Hipotireoidismo congênito

Características da doença

 

O Hipotireoidismo Congênito é uma condição patológica em que a glândula tireoide do recém‑nascido apresenta incapacidade em secretar hormônios tireoidianos (tiroxina e triiodotironina) em quantidades adequadas, resultando em redução sistêmica do metabolismo celular. Esses hormônios são fundamentais para que haja maturação adequada do sistema nervoso central. Dessa forma, estabelecer o diagnóstico no período neonatal e iniciar o tratamento imediatamente é fundamental para prevenir graves sequelas neurológicas.

 

A doença pode ser classificada em:

  • Primária: quando a alteração ocorre na glândula tireoide

  • Secundária: quando a alteração ocorre na hipófise (raro)

  • Terciária: quando a alteração ocorre no hipotálamo (raro)

 

Etiologia do hipotireoidismo congênito primário:

  • Disgenesia tireoidiana (85% dos casos)

  • Disormoniogênese (erro inato do metabolismo):  defeitos na síntese dos hormônios tireoidianos devido a mutações genéticas recessivas (15% dos casos)

 

Crianças não diagnosticadas no período neonatal e, consequentemente, não tratadas precocemente, terão o crescimento e o desenvolvimento neurológico seriamente comprometidos. O quadro clínico inclui: choro rouco, problemas respiratórios, cianose, anemia, icterícia prolongada, hiporexia, constipação, hérnia umbilical, sopro cardíaco, bradicardia, pele seca e sem elasticidade, livedo reticularis, mixedema, alargamento de fontanelas, crescimento pôndero‑estatural, atraso na dentição, retardo na maturação óssea, hipotonia muscular, sonolência excessiva, atraso de desenvolvimento neuropsicomotor e deficiência intelectual.

 

Diagnóstico e Tratamento

O momento ideal para o diagnóstico do Hipotireoidismo Congênito é, sem dúvida, o período neonatal, pois é sabido que a partir da segunda semana de vida a deficiência de hormônios tireóideos poderá causar alguma lesão neurológica. Após o resultado positivo inicial no Programa de Triagem Neonatal, deve ser realizada a dosagem do T4 (total e livre) e do TSH em amostra de sangue venoso, para que haja a efetiva confirmação diagnóstica.

 

Para que a etiologia seja estabelecida, é indicada a realização de exames de ultrassonografia ou cintilografia com captação tireóidea de iodo radioativo, pois, na maioria das vezes, a origem do problema está na própria glândula tireoide.

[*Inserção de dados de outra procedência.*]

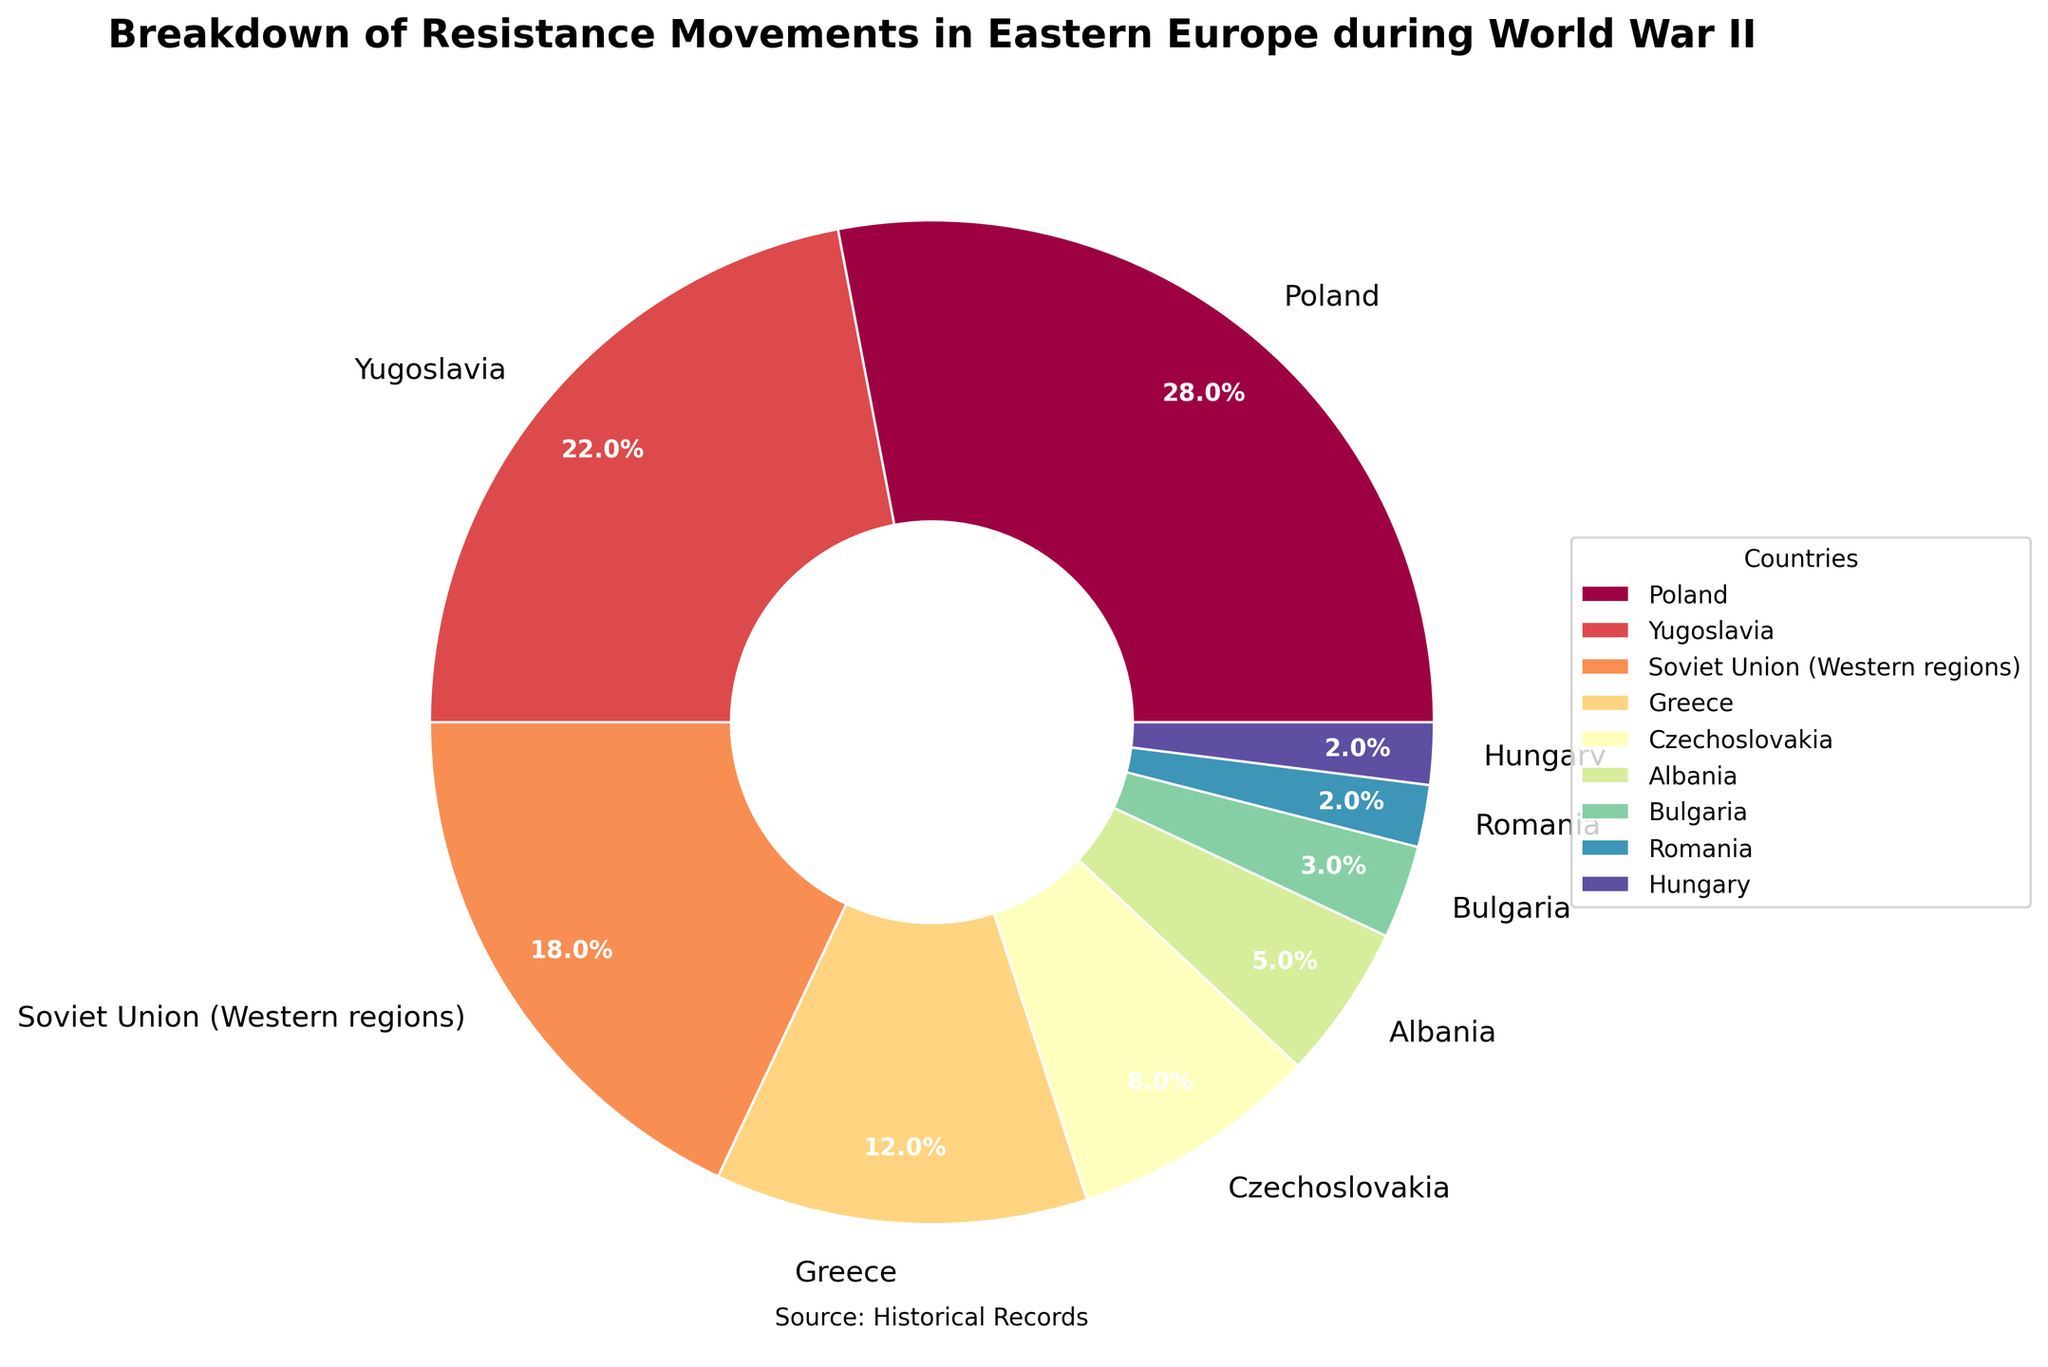What country has the highest percentage of resistance activity? The figure shows that Poland has the largest slice in the pie chart, representing 28% of resistance activity.
Answer: Poland Which countries have a resistance activity percentage equal to or less than 5%? By examining the pie chart, we see that Albania, Bulgaria, Romania, and Hungary all have slices of 5% or less.
Answer: Albania, Bulgaria, Romania, Hungary What is the combined percentage of resistance activities in Bulgaria, Romania, and Hungary? By adding the percentages provided in the pie chart for Bulgaria (3%), Romania (2%), and Hungary (2%), we get 3% + 2% + 2% = 7%.
Answer: 7% How does Greece's resistance activity compare with Czechoslovakia's? The pie chart indicates that Greece has 12% of resistance activity while Czechoslovakia has 8%, showing that Greece's is higher.
Answer: Greece's is higher Among the countries listed, which has the smallest share of resistance activity, and what is its percentage? The smallest slice in the pie chart belongs to Hungary, representing 2% of the resistance activity.
Answer: Hungary, 2% Which country contributes more to resistance activities, Yugoslavia or the Soviet Union (Western regions)? The pie chart shows that Yugoslavia has 22% and the Soviet Union (Western regions) has 18%, making Yugoslavia's contribution greater.
Answer: Yugoslavia What is the difference in resistance activity between Poland and the Soviet Union (Western regions)? Poland has 28% and the Soviet Union (Western regions) has 18%. The difference is 28% - 18% = 10%.
Answer: 10% Rank the top three countries by percentage of resistance activity. The pie chart shows the following top three countries: 1) Poland (28%), 2) Yugoslavia (22%), and 3) Soviet Union (Western regions) (18%).
Answer: Poland, Yugoslavia, Soviet Union (Western regions) What is the total percentage of resistance activities when combining Greece and Czechoslovakia? The pie chart indicates Greece has 12% and Czechoslovakia has 8%. The total is 12% + 8% = 20%.
Answer: 20% If you combine the resistance activities of Albania and Bulgaria, how does this compare to that of Greece? Albania has 5% and Bulgaria has 3%, giving 5% + 3% = 8%, while Greece has 12%. Hence, Greece's resistance activity is higher.
Answer: Greece's is higher

O tratamento da doença consiste na reposição de levotiroxina. O acompanhamento deve incluir exame clínico periódico, avaliação do crescimento e desenvolvimento neuropsicomotor além do monitoramento laboratorial de T4 e TSH.                             

D Falciforme

Doença
Falciforme

Características da doença

 

A Doença Falciforme é uma doença genética de herança autossômica recessiva, causada pela troca de um aminoácido na cadeia beta da molécula de hemoglobina. A hemoglobina mutante, denominada ‘hemoglobina S’ pode sofrer polimerização quando exposta a determinadas condições, como febre, hipóxia, acidose, infecções, frio, desidratação, provocando deformação das hemácias, que passam a apresentar a forma de foice ou meia-lua. Sob as condições citadas, as hemácias deformadas, que também são menos flexíveis, podem se impactar na microcirculação causando vaso oclusão e consequente isquemia tecidual. Essas hemácias são mais susceptíveis à hemólise e consequentemente, apresentam vida média mais curta. Assim, a doença falciforme é uma condição patológica caracterizada por fenômenos vasoclusivos recorrentes e anemia hemolítica crônica. 

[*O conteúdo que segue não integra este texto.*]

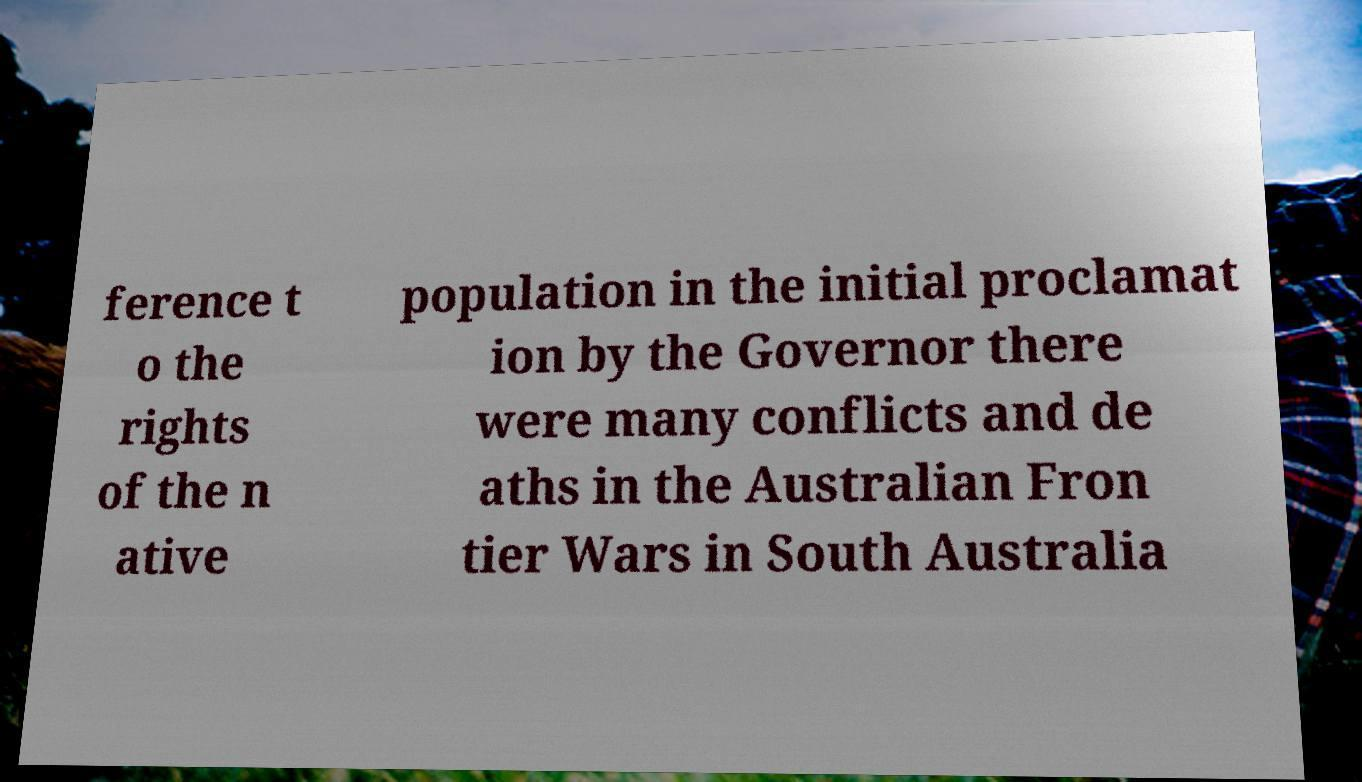What messages or text are displayed in this image? I need them in a readable, typed format. ference t o the rights of the n ative population in the initial proclamat ion by the Governor there were many conflicts and de aths in the Australian Fron tier Wars in South Australia 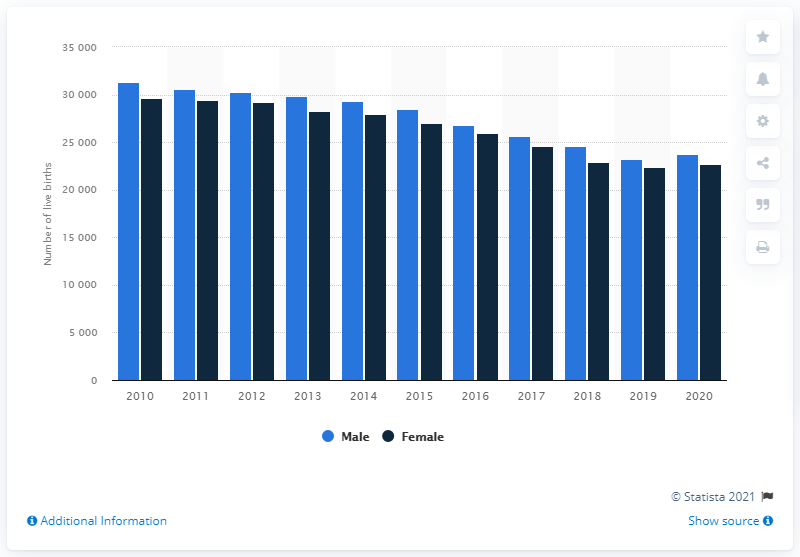List a handful of essential elements in this visual. It is predicted that the number of live births in Finland will increase again in 2020.

A Doença Falciforme inclui todas as hemoglobinopatias em que pelo menos uma das hemoglobinas mutantes é a Hb S. As apresentações mais frequentes são:

  • Anemia Falciforme (forma homozigótica SS: somente Hemoglobinas S)

  • Hemoglobinas S associada à hemoglobina da beta-talassemia 

  • Hemoglobinas S associada à hemoglobina C

  • Hemoglobinas S associada à hemoglobina D

 

A anemia hemolítica associada aos fenômenos vaso oclusivos recorrentes, levam à isquemia e hipóxia crônicas ocasionando lesão tecidual e orgânica progressiva. Frequentemente a dactilite em mãos e pés, caracterizada por dor e edema nas extremidades distais dos membros, são as primeiras manifestações.  Mais raramente, a sepse pneumocócica pode ser a primeira manifestação. O pico de morbimortalidade situa-se ao redor de 2 a 3 anos de vida, sendo que as principais causas de óbito são o choque séptico e o sequestro esplênico. Entre as manifestações clínicas estão as crises álgicas, infecções por germes capsulados, sequestro esplênico, síndrome torácica aguda, crise medular aplásica, acidente vascular encefálico, insuficiência renal progressiva, cardiomegalia, entre outras alterações. 

 

Diagnóstico e Tratamento

O diagnóstico da doença falciforme pela triagem neonatal biológica permite o início precoce de cuidados preventivos.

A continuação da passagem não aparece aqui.